Keep up the good work Kerry Team!
What an exciting idea - sort of like “Earth Day, Every Day.” I’m especially pleased with Senator Kerry’s idea to make the Capitol carbon-neutral by 2020. If JK and the other Congressional environmentalists have any hope of legislating us out of our dependence on foreign oil, better for them to do it from a clean house (and Senate!)
Great post, Dave. Thanks.
Democrafty, this is a wonderful example for the Congress to set. I read in the AP story on this initiative that the Capitol power plant is the only coal burning facility in DC, and that the Capitol complex “accounts for about 316,000 metric tons of greenhouse gas emissions a year, the same as 57,455 cars.”
http://tinyurl.com/3c6aqp
So, it’s not just a certain Republican Senator spewing toxins from Capitol Hill that’s endangering our planet, it’s the buildings and vehicles too!

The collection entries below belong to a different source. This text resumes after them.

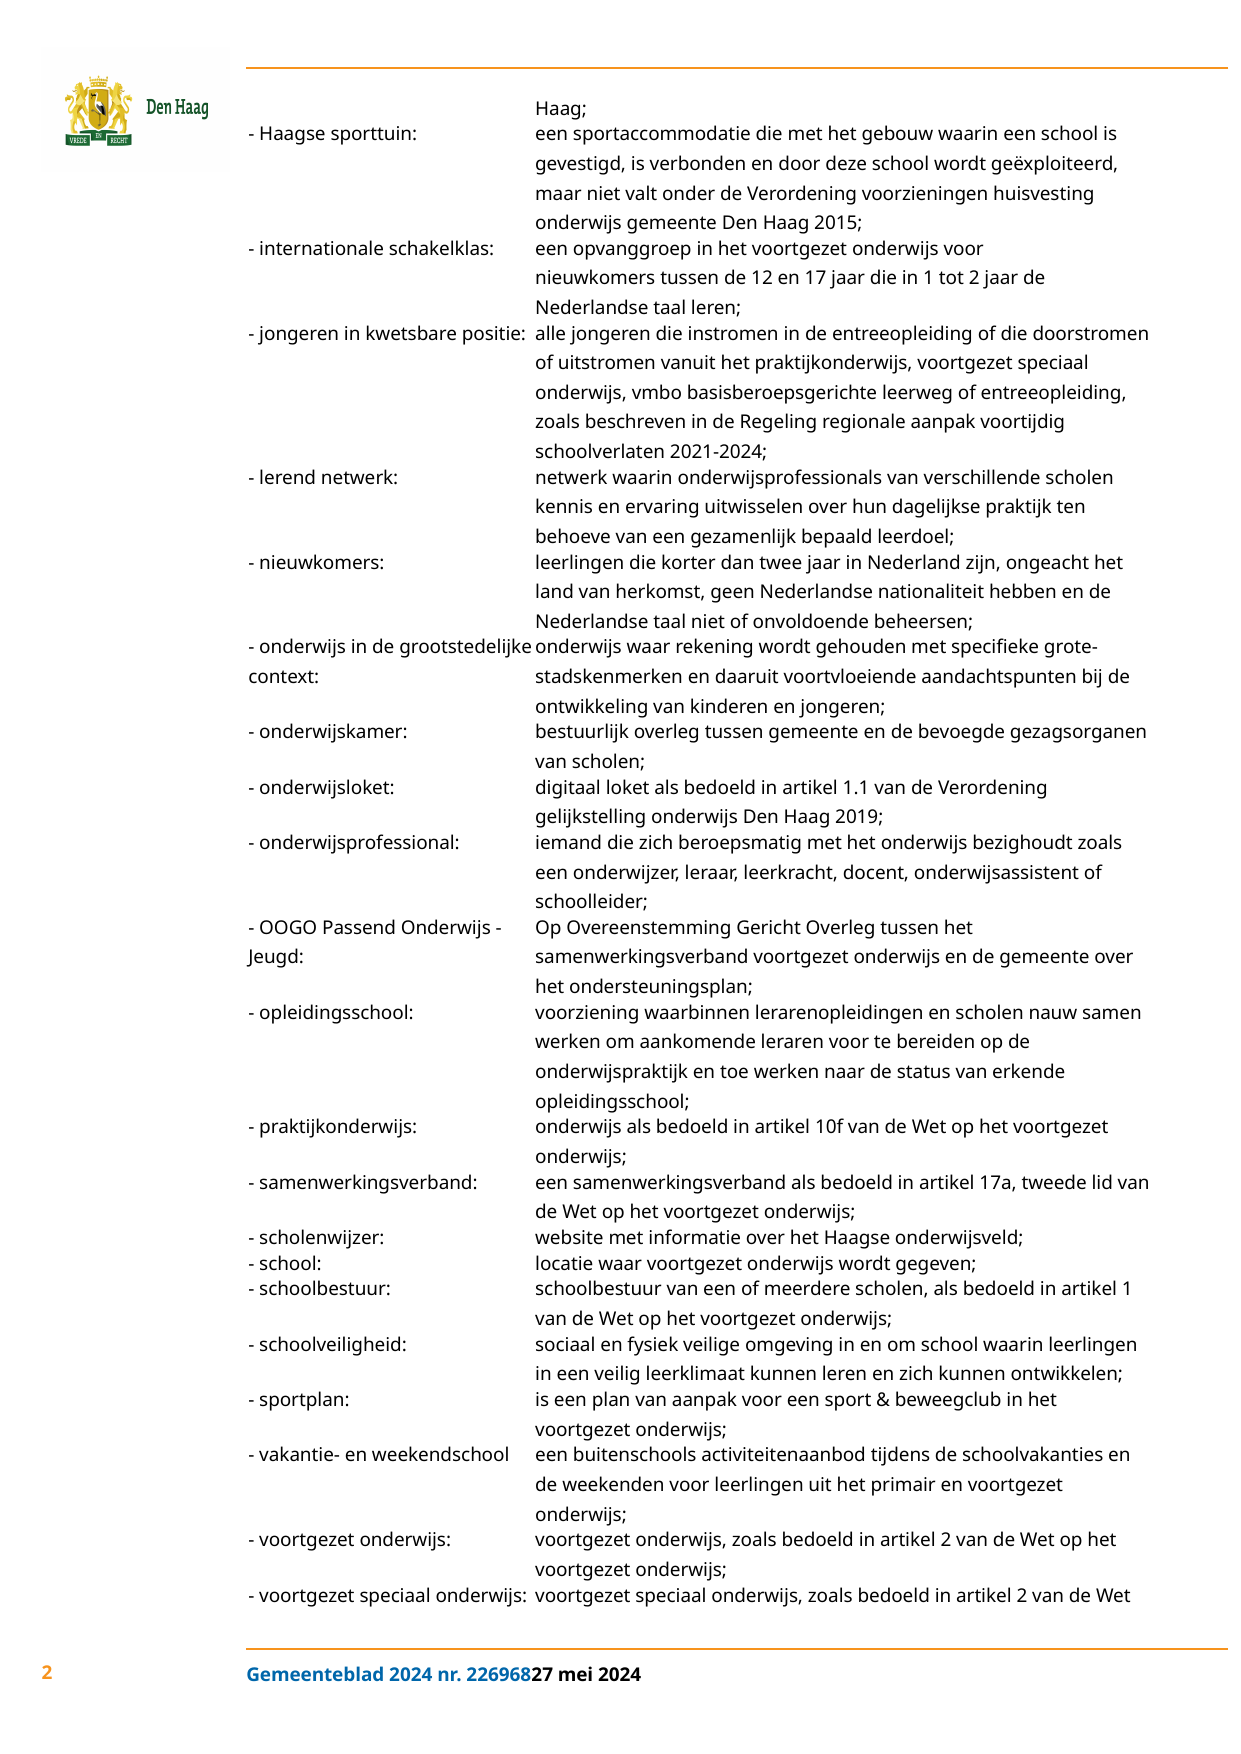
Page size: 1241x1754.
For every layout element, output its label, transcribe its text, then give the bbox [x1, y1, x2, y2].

table_cell schoolbestuur van een of meerdere scholen, als bedoeld in artikel 1 van de Wet op het voortgezet onderwijs; [535, 1276, 1152, 1331]
table_cell website met informatie over het Haagse onderwijsveld; [535, 1224, 1152, 1250]
table_cell - samenwerkingsverband: [248, 1169, 535, 1224]
table_cell - lerend netwerk: [248, 464, 535, 549]
table_cell - OOGO Passend Onderwijs - Jeugd: [248, 914, 535, 999]
table_cell onderwijs als bedoeld in artikel 10f van de Wet op het voortgezet onderwijs; [535, 1114, 1152, 1169]
table_cell - internationale schakelklas: [248, 235, 535, 320]
table_cell - onderwijsprofessional: [248, 829, 535, 914]
table_cell een opvanggroep in het voortgezet onderwijs voor nieuwkomers tussen de 12 en 17 jaar die in 1 tot 2 jaar de Nederlandse taal leren; [535, 235, 1152, 320]
table_cell - scholenwijzer: [248, 1224, 535, 1250]
table_cell - schoolveiligheid: [248, 1331, 535, 1386]
table_cell locatie waar voortgezet onderwijs wordt gegeven; [535, 1250, 1152, 1276]
table_cell - Haagse sporttuin: [248, 121, 535, 235]
table_cell alle jongeren die instromen in de entreeopleiding of die doorstromen of uitstromen vanuit het praktijkonderwijs, voortgezet speciaal onderwijs, vmbo basisberoepsgerichte leerweg of entreeopleiding, zoals beschreven in de Regeling regionale aanpak voortijdig schoolverlaten 2021-2024; [535, 320, 1152, 464]
table_cell - jongeren in kwetsbare positie: [248, 320, 535, 464]
table_cell - vakantie- en weekendschool [248, 1442, 535, 1526]
table_cell netwerk waarin onderwijsprofessionals van verschillende scholen kennis en ervaring uitwisselen over hun dagelijkse praktijk ten behoeve van een gezamenlijk bepaald leerdoel; [535, 464, 1152, 549]
table_cell onderwijs waar rekening wordt gehouden met specifieke grote-stadskenmerken en daaruit voortvloeiende aandachtspunten bij de ontwikkeling van kinderen en jongeren; [535, 634, 1152, 719]
table_cell digitaal loket als bedoeld in artikel 1.1 van de Verordening gelijkstelling onderwijs Den Haag 2019; [535, 774, 1152, 829]
table_cell - praktijkonderwijs: [248, 1114, 535, 1169]
table_cell Haag; [535, 95, 1152, 121]
table_cell [248, 95, 535, 121]
table_cell een sportaccommodatie die met het gebouw waarin een school is gevestigd, is verbonden en door deze school wordt geëxploiteerd, maar niet valt onder de Verordening voorzieningen huisvesting onderwijs gemeente Den Haag 2015; [535, 121, 1152, 235]
table_cell sociaal en fysiek veilige omgeving in en om school waarin leerlingen in een veilig leerklimaat kunnen leren en zich kunnen ontwikkelen; [535, 1331, 1152, 1386]
table_cell - opleidingsschool: [248, 999, 535, 1113]
table_cell - nieuwkomers: [248, 549, 535, 634]
table_cell - onderwijs in de grootstedelijke context: [248, 634, 535, 719]
table_cell - voortgezet onderwijs: [248, 1526, 535, 1582]
picture [41, 47, 231, 172]
table_cell een samenwerkingsverband als bedoeld in artikel 17a, tweede lid van de Wet op het voortgezet onderwijs; [535, 1169, 1152, 1224]
table_cell voortgezet speciaal onderwijs, zoals bedoeld in artikel 2 van de Wet [535, 1582, 1152, 1607]
table_cell iemand die zich beroepsmatig met het onderwijs bezighoudt zoals een onderwijzer, leraar, leerkracht, docent, onderwijsassistent of schoolleider; [535, 829, 1152, 914]
table_cell Op Overeenstemming Gericht Overleg tussen het samenwerkingsverband voortgezet onderwijs en de gemeente over het ondersteuningsplan; [535, 914, 1152, 999]
table_cell leerlingen die korter dan twee jaar in Nederland zijn, ongeacht het land van herkomst, geen Nederlandse nationaliteit hebben en de Nederlandse taal niet of onvoldoende beheersen; [535, 549, 1152, 634]
table_cell - voortgezet speciaal onderwijs: [248, 1582, 535, 1607]
table_cell een buitenschools activiteitenaanbod tijdens de schoolvakanties en de weekenden voor leerlingen uit het primair en voortgezet onderwijs; [535, 1442, 1152, 1526]
table_cell voorziening waarbinnen lerarenopleidingen en scholen nauw samen werken om aankomende leraren voor te bereiden op de onderwijspraktijk en toe werken naar de status van erkende opleidingsschool; [535, 999, 1152, 1113]
table_cell bestuurlijk overleg tussen gemeente en de bevoegde gezagsorganen van scholen; [535, 719, 1152, 774]
table_cell voortgezet onderwijs, zoals bedoeld in artikel 2 van de Wet op het voortgezet onderwijs; [535, 1526, 1152, 1582]
table_cell is een plan van aanpak voor een sport & beweegclub in het voortgezet onderwijs; [535, 1386, 1152, 1442]
table_cell - onderwijskamer: [248, 719, 535, 774]
table_cell - sportplan: [248, 1386, 535, 1442]
table_cell - school: [248, 1250, 535, 1276]
table_cell - onderwijsloket: [248, 774, 535, 829]
table_cell - schoolbestuur: [248, 1276, 535, 1331]

It’s really important for Congress to show the rest of the nation that they’re willing to walk the walk and not expect the rest of us to do what they won’t do themselves.
Thanks to the sponsors of this in the House and the Senate for their leadership. I expect this is something that should have (almost) complete support from both sides of the aisle.
America could not have a better friend and voice on energy and the enviroment then we have in John Kerry. Keep up the fight sir I will always have your back!!